▸ **EXERCISE DETAILS**: From the first line below to the last, reproduce the material exactly and leave out the images.

*** Opening of INPUT RECORDS ***

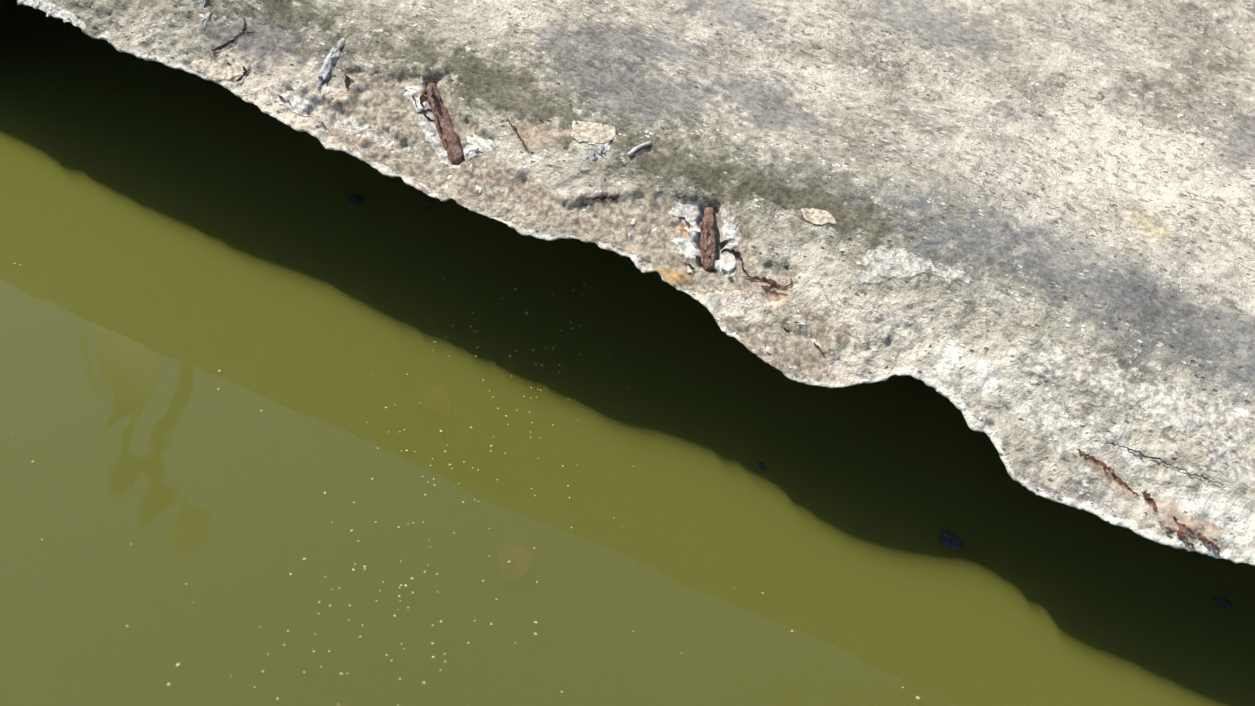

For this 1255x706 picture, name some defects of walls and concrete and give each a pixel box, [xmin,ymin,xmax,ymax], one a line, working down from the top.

spalling [17,0,77,26]
spalling [190,56,250,81]
spalling [261,67,856,384]
spalling [853,247,974,284]
spalling [870,303,926,341]
rust [1091,461,1220,535]

*** Close of INPUT RECORDS ***

▸ **EXERCISE SOLUTION**:
For this 1255x706 picture, name some defects of walls and concrete and give each a pixel box, [xmin,ymin,xmax,ymax], one a line, working down from the top.

spalling [17,0,77,26]
spalling [190,56,250,81]
spalling [261,67,856,384]
spalling [853,247,974,284]
spalling [870,303,926,341]
rust [1091,461,1220,535]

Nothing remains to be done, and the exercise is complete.